# Snowfall predictions all wrong



## TimR (Dec 9, 2017)

Predictions were about 4-5”...boy were they off, by a factor of 2. Power out for over 24+ hrs so far. Got down to 55 inside last night, no wood stove in apt over garage. Mistake #1. 
This morning I remembered I had a small electric heater...but I hadn’t started generator in over a year. Mistake #2.
Took about a half hour and last bit of starter fluid till finally kept running. 32 deg outside and 64 inside, things improving.
Took side by side out to check roads and take some pics. Decided to drive down off the mountain and get more gas for generator. Coming back, got stuck halfway up a steep section with asphalt. Realized chains were up in shop 15 min walk up drive. Just really enjoy putting chains on while laying on side, in wet snow.

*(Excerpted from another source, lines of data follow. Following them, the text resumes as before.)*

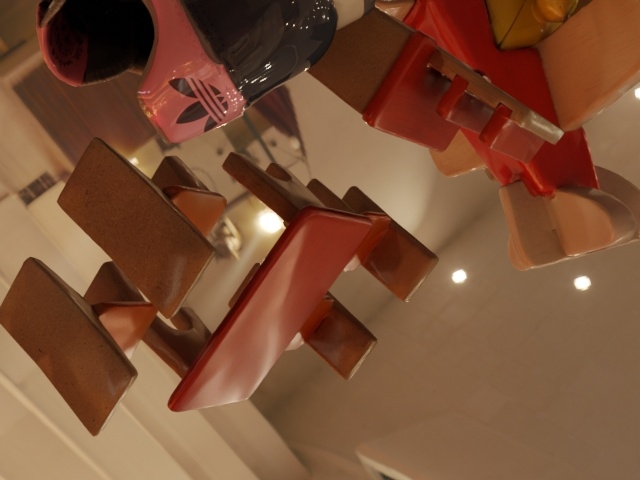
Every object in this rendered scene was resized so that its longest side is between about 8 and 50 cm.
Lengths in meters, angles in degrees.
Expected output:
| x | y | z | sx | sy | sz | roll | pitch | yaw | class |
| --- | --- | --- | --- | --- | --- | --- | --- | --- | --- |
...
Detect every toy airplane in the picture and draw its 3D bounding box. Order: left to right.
| x | y | z | sx | sy | sz | roll | pitch | yaw | class |
| --- | --- | --- | --- | --- | --- | --- | --- | --- | --- |
| 0.216 | -0.162 | 0.812 | 0.272 | 0.384 | 0.386 | -36 | -136 | -18 | toy airplane |

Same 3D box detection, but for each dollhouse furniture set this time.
| x | y | z | sx | sy | sz | roll | pitch | yaw | class |
| --- | --- | --- | --- | --- | --- | --- | --- | --- | --- |
| 0.000 | 0.000 | 0.481 | 0.135 | 0.262 | 0.259 | 42 | -72 | 25 | dollhouse furniture set |

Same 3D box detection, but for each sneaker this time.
| x | y | z | sx | sy | sz | roll | pitch | yaw | class |
| --- | --- | --- | --- | --- | --- | --- | --- | --- | --- |
| -0.122 | -0.155 | 0.450 | 0.131 | 0.112 | 0.319 | -46 | -132 | -12 | sneaker |
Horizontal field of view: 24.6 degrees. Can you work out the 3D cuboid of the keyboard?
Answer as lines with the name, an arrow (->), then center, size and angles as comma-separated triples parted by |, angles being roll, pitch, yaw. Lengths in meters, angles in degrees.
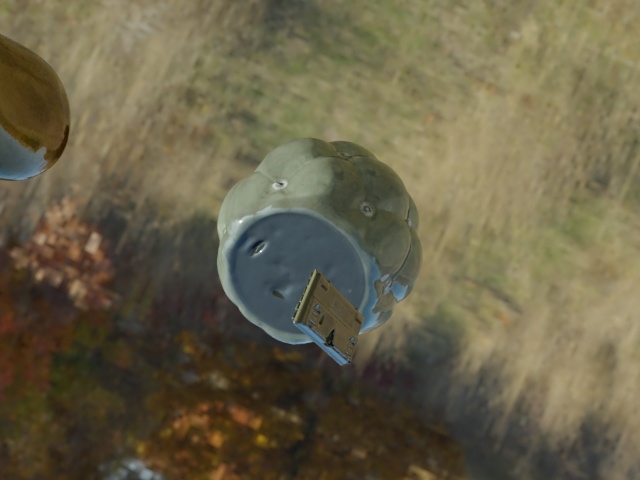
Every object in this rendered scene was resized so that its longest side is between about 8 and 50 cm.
keyboard -> 0.008, 0.066, 1.228 | 0.015, 0.049, 0.129 | 12, 165, 23

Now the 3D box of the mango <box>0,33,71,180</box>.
mango -> -0.266, -0.109, 1.186 | 0.089, 0.111, 0.163 | 5, 170, 26

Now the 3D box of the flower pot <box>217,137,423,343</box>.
flower pot -> 0.000, 0.000, 1.705 | 0.246, 0.246, 0.195 | 24, -151, 5
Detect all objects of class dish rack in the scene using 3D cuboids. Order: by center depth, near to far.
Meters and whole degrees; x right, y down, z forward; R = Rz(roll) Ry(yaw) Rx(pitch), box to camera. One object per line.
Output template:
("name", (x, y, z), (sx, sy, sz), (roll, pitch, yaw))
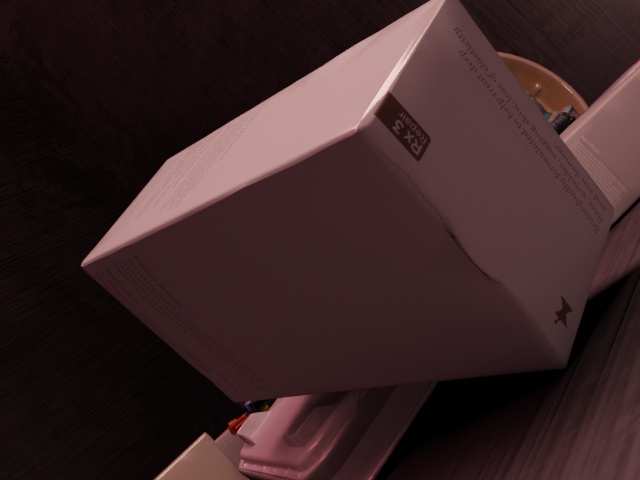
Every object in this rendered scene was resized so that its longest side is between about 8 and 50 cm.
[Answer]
("dish rack", (0.023, 0.142, 0.796), (0.286, 0.072, 0.333), (-51, 6, -22))

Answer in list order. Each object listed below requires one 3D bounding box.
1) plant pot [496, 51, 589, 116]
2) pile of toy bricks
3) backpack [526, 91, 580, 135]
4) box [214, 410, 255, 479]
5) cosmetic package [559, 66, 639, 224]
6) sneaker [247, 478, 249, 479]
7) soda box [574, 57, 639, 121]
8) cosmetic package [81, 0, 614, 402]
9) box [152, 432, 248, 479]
("plant pot", (0.339, -0.158, 1.583), (0.334, 0.334, 0.305), (-40, -16, -34))
("pile of toy bricks", (-0.088, 0.313, 1.378), (0.212, 0.118, 0.105), (-36, 11, -35))
("backpack", (0.293, -0.096, 1.112), (0.225, 0.191, 0.253), (-47, -11, 35))
("box", (-0.149, 0.408, 1.523), (0.087, 0.102, 0.101), (-41, -4, 10))
("cosmetic package", (0.289, -0.074, 0.826), (0.238, 0.107, 0.127), (-39, -5, -8))
("sneaker", (-0.072, 0.303, 0.999), (0.083, 0.071, 0.191), (-47, -3, -25))
("soda box", (0.445, -0.198, 1.015), (0.286, 0.098, 0.091), (-39, -6, -33))
("cosmetic package", (0.000, 0.000, 0.621), (0.384, 0.217, 0.156), (-18, 33, 46))
("box", (-0.260, 0.478, 1.385), (0.232, 0.127, 0.149), (-40, -6, -27))
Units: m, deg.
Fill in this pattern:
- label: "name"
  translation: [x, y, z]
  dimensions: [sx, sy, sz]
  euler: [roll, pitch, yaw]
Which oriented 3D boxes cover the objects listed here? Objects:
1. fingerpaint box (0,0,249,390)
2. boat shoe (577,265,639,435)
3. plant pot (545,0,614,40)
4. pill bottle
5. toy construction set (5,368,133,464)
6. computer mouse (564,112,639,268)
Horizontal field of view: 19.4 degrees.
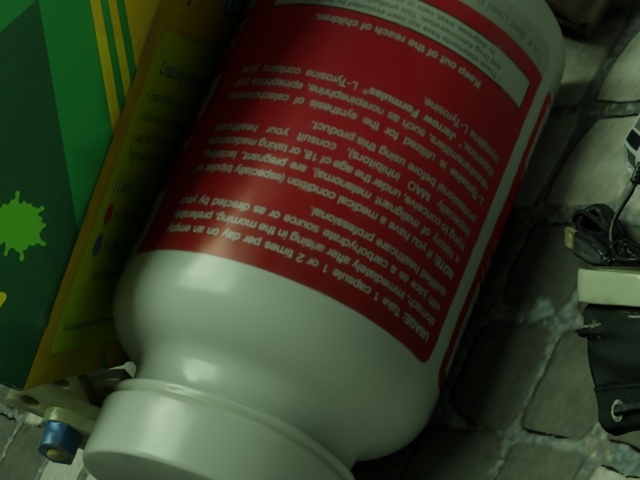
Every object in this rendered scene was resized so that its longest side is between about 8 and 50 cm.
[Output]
- label: "fingerpaint box"
  translation: [-0.159, -0.104, 1.368]
  dimensions: [0.445, 0.163, 0.371]
  euler: [-5, -65, -81]
- label: "boat shoe"
  translation: [0.252, 0.085, 0.940]
  dimensions: [0.340, 0.127, 0.113]
  euler: [11, 97, 51]
- label: "plant pot"
  translation: [0.176, -0.245, 1.360]
  dimensions: [0.165, 0.167, 0.167]
  euler: [-62, 29, 1]
- label: "pill bottle"
  translation: [0.000, 0.000, 1.272]
  dimensions: [0.229, 0.229, 0.408]
  euler: [-9, 52, 52]
- label: "toy construction set"
  translation: [-0.160, 0.234, 1.362]
  dimensions: [0.215, 0.151, 0.328]
  euler: [-21, 53, 45]
- label: "computer mouse"
  translation: [0.230, -0.062, 1.197]
  dimensions: [0.193, 0.042, 0.106]
  euler: [-61, 24, 0]
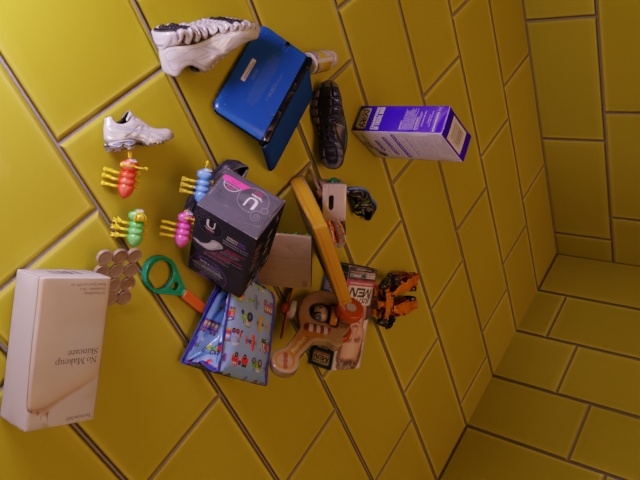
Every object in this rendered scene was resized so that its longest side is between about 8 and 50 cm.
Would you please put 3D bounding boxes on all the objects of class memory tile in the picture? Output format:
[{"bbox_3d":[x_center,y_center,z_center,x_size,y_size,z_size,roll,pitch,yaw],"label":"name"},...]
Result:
[{"bbox_3d":[-0.466,0.084,1.433,0.113,0.012,0.148,-4,120,-49],"label":"memory tile"}]

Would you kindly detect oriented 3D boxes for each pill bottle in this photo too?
[{"bbox_3d":[-0.001,-0.530,1.873,0.116,0.065,0.065,-27,119,-45],"label":"pill bottle"}]

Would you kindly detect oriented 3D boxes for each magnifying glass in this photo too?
[{"bbox_3d":[-0.364,0.119,1.599,0.231,0.026,0.092,49,60,-43],"label":"magnifying glass"}]

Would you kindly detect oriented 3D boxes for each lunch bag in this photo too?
[{"bbox_3d":[-0.218,0.223,1.721,0.221,0.138,0.293,35,66,-53],"label":"lunch bag"}]

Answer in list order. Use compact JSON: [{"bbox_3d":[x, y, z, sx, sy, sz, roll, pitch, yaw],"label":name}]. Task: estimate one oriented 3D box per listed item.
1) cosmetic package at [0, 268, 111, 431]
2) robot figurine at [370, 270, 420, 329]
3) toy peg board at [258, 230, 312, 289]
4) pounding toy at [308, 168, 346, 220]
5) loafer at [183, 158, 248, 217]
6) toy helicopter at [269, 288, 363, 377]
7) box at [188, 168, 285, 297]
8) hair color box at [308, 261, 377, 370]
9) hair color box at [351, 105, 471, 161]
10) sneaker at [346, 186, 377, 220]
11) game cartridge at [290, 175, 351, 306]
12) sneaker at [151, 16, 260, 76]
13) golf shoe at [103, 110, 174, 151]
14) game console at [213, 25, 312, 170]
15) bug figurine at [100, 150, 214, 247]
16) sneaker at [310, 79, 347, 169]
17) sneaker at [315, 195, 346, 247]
[{"bbox_3d":[-0.548,0.219,1.315,0.160,0.113,0.310,3,95,-52],"label":"cosmetic package"},{"bbox_3d":[0.277,0.214,2.379,0.291,0.085,0.211,-11,106,-51],"label":"robot figurine"},{"bbox_3d":[-0.096,0.046,1.825,0.079,0.161,0.161,-60,153,-65],"label":"toy peg board"},{"bbox_3d":[0.018,-0.140,1.912,0.100,0.130,0.141,-1,103,-8],"label":"pounding toy"},{"bbox_3d":[-0.266,-0.125,1.618,0.223,0.078,0.076,-54,135,-28],"label":"loafer"},{"bbox_3d":[-0.048,0.264,1.876,0.355,0.235,0.140,-46,166,-45],"label":"toy helicopter"},{"bbox_3d":[-0.209,-0.012,1.543,0.143,0.165,0.270,-56,174,-37],"label":"box"},{"bbox_3d":[0.077,0.251,2.119,0.173,0.105,0.347,9,91,-52],"label":"hair color box"},{"bbox_3d":[0.295,-0.349,2.065,0.185,0.338,0.110,36,68,-49],"label":"hair color box"},{"bbox_3d":[0.136,-0.125,2.137,0.188,0.067,0.078,41,60,-51],"label":"sneaker"},{"bbox_3d":[0.000,0.000,1.829,0.052,0.324,0.285,-20,121,-1],"label":"game cartridge"},{"bbox_3d":[-0.269,-0.472,1.529,0.292,0.110,0.118,-25,125,-37],"label":"sneaker"},{"bbox_3d":[-0.407,-0.251,1.427,0.176,0.069,0.086,-20,107,-49],"label":"golf shoe"},{"bbox_3d":[-0.149,-0.386,1.751,0.250,0.173,0.293,32,70,-18],"label":"game console"},{"bbox_3d":[-0.363,-0.088,1.468,0.279,0.072,0.216,2,103,-39],"label":"bug figurine"},{"bbox_3d":[0.031,-0.357,1.953,0.106,0.101,0.268,-40,130,-67],"label":"sneaker"},{"bbox_3d":[0.037,-0.086,2.024,0.083,0.084,0.215,-57,140,-71],"label":"sneaker"}]
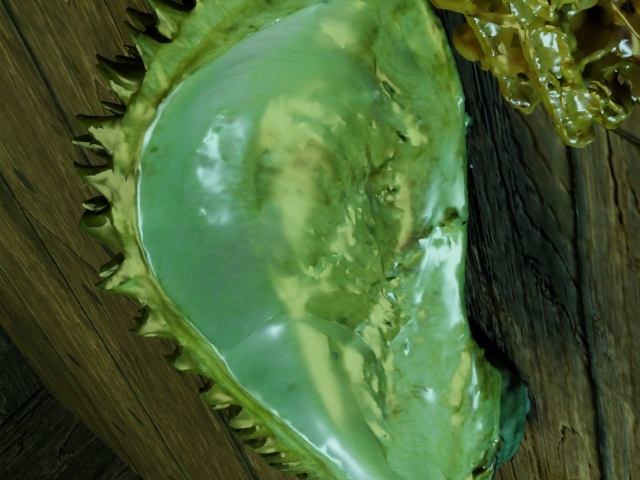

Reactions: Like 3 | EyeCandy! 1 | Way Cool 1 | Informative 1 | Sincere 7


----------



## Mike1950 (Dec 9, 2017)

Yikes it is bad enough for us that are used to it but it has to be bad for those caught by surprise.

Reactions: Agree 1


----------



## rocky1 (Dec 9, 2017)

On a positive note, it'll all be gone in north Georgia in a day or two! Were you up there closer to Canada, you might have to live with it until April.

Reactions: Agree 2


----------



## ripjack13 (Dec 9, 2017)

We have about 5-7" right now....
Playing in it with the grand kiddoe...



 
Titanaboa snow snake...



 
Makin a snow fort...

Reactions: Like 1 | Way Cool 5


----------



## DKMD (Dec 9, 2017)

Beautiful scenery, Tim!


----------



## Tclem (Dec 10, 2017)

6” down here in Mississippi. Had a couple inches 9 years ago. Most any of us have ever seen here. Even old people can’t rrmember snow like this. Guess global warming is real

Reactions: Funny 2


----------



## rocky1 (Dec 10, 2017)

Had 2 - 3 inches in Biloxi back in '77, damn near shut Keesler AFB. Had 70 wrecks on base in under 2 hours.


----------



## Ralph Muhs (Dec 10, 2017)

TimR said:


> Predictions were about 4-5”...boy were they off, by a factor of 2. Power out for over 24+ hrs so far. Got down to 55 inside last night, no wood stove in apt over garage. Mistake #1.
> This morning I remembered I had a small electric heater...but I hadn’t started generator in over a year. Mistake #2.
> Took about a half hour and last bit of starter fluid till finally kept running. 32 deg outside and 64 inside, things improving.
> Took side by side out to check roads and take some pics. Decided to drive down off the mountain and get more gas for generator. Coming back, got stuck halfway up a steep section with asphalt. Realized chains were up in shop 15 min walk up drive. Just really enjoy putting chains on while laying on side, in wet snow.
> View attachment 138139 View attachment 138140 View attachment 138141


Heh, did you ever contact my brother-in-law in Blairsville? He is coming here tomorrow and staying for a few days. He is not exactly a woodworker, but he has a sawmill. He is certainly a jack-of-all trades and has done a lot to different things.


----------



## Ralph Muhs (Dec 10, 2017)

ripjack13 said:


> We have about 5-7" right now....
> Playing in it with the grand kiddoe...
> 
> View attachment 138148
> ...


Bart didn't get more than a dusting in Guilford!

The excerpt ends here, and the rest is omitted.